What We Treat

Calcaneal Apophysitis Treatment in Dubai

Sever’s disease is a frequent cause of heel pain in children. The condition is characterized by inflammation of the growth plate in the heel bone (calcaneus) and typically occurs in late childhood or adolescence. Young athletes are particularly susceptible, especially those who play sports that involve a lot of running, like soccer, football or basketball.

Causes of Sever’s Disease

Roughly between the ages of 6 and 16, the heel bone is separated into two parts by a soft cartilaginous growth plate (secondary ossification center). This tissue is located at the back of the heel and is the Achilles tendon’s insertion. The bottom part of the heel growth plate serves as the attachment of the plantar fascia (the most important ligament of the plantar arch). In Sever’s disease, the Achilles tendon and plantar fascia both pull on the heel as if engaging in a tug of war.

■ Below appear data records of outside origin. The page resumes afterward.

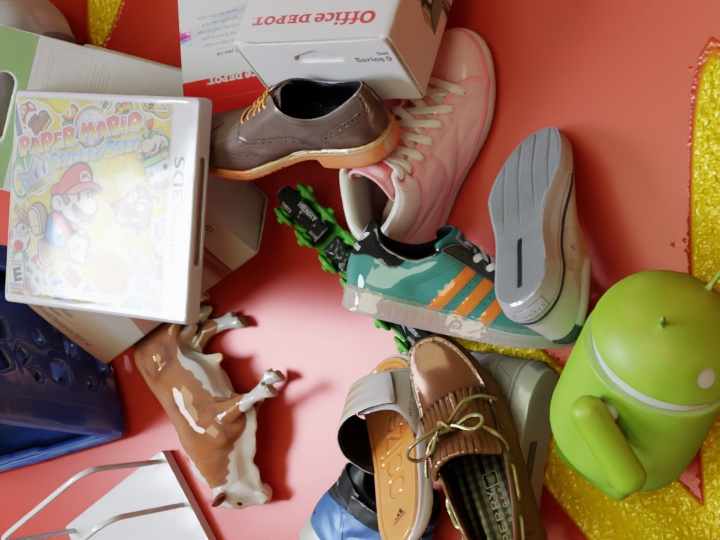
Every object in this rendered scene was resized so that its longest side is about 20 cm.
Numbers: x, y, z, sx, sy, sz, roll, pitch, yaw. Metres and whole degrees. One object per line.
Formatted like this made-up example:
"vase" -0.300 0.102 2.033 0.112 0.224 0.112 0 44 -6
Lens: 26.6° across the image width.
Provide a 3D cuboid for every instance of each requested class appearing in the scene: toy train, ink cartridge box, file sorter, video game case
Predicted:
"toy train" 0.000 0.000 1.298 0.042 0.056 0.200 -46 68 8
"ink cartridge box" -0.001 -0.242 1.246 0.145 0.084 0.201 2 61 29
"file sorter" -0.208 0.287 1.365 0.139 0.124 0.201 -38 72 23
"video game case" -0.214 -0.056 1.277 0.199 0.023 0.184 6 94 30
"ink cartridge box" -0.260 -0.132 1.372 0.048 0.199 0.147 30 106 64
"ink cartridge box" -0.096 -0.208 1.351 0.115 0.067 0.202 -6 85 29

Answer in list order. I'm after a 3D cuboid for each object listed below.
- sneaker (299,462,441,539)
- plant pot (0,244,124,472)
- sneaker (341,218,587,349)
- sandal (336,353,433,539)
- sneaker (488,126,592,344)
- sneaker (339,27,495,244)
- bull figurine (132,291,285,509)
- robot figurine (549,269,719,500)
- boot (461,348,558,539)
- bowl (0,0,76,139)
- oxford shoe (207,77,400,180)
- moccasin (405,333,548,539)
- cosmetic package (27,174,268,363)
"sneaker" 0.041 0.241 1.254 0.200 0.076 0.112 45 118 29
"plant pot" -0.359 0.082 1.420 0.199 0.200 0.181 -17 73 27
"sneaker" 0.088 0.010 1.204 0.198 0.071 0.081 11 99 -3
"sandal" 0.016 0.133 1.223 0.079 0.059 0.207 -50 26 28
"sneaker" 0.143 -0.025 1.186 0.073 0.071 0.201 -23 38 34
"sneaker" 0.045 -0.106 1.250 0.075 0.104 0.202 22 98 30
"bull figurine" -0.130 0.115 1.362 0.121 0.065 0.200 -45 69 16
"robot figurine" 0.209 0.082 1.118 0.115 0.175 0.201 38 140 20
"boot" 0.094 0.165 1.240 0.095 0.073 0.202 12 86 34
"bowl" -0.329 -0.168 1.421 0.074 0.200 0.202 17 95 2
"oxford shoe" -0.069 -0.124 1.231 0.198 0.073 0.072 -5 50 24
"moccasin" 0.081 0.142 1.164 0.073 0.078 0.203 -22 71 21
"cosmetic package" -0.188 -0.018 1.348 0.200 0.103 0.088 -36 28 27

When excessive tension and stress occur at the junction of the two bony portions of the heel, the growth plate experiences inflammation and symptoms associated with Sever’s disease may emerge. Thus, any condition that causes excessive stretching of either the Achilles tendon or the plantar fascia can trigger Sever’s disease. Excessive tension at this site can often be attributed to poor foot mechanics or structural problems of the feet that lead to faulty movement or abnormal gait.

Aggravating Factors

  • Improper exercise technique and overtraining
  • Sports that involve a lot of running, sharp turns or jumping
  • Unsuitable footwear
  • Being overweight
  • Rapid growth spurts


Finally, if the cause of the problem is not addressed, the condition can evolve from Sever’s disease into Achilles tendonitis or plantar fasciitis.

Treatments for Sever’s Disease

Plantar orthotics:

Plantar orthotics are necessary when biomechanical factors are at fault. These devices optimize the child’s foot mechanics and reduce excessive tension at the growth plate caused by the plantar fascia and the Achilles tendon. Plantar orthotics speed up healing, help prevent recurrence and Sever’s disease facilitate the continuation of sports activities.

Physical therapy:

  • Taping: Therapeutic tape is used on the foot and leg to temporarily relieve tension at the growth plate caused by the plantar fascia and the Achilles tendon.
  • Manipulative therapy: Gently mobilizes the bones and joints of the foot to help them realign and to reduce swelling.


Stretching exercises:

The podiatrist may recommend specific exercises to help improve the patient’s condition.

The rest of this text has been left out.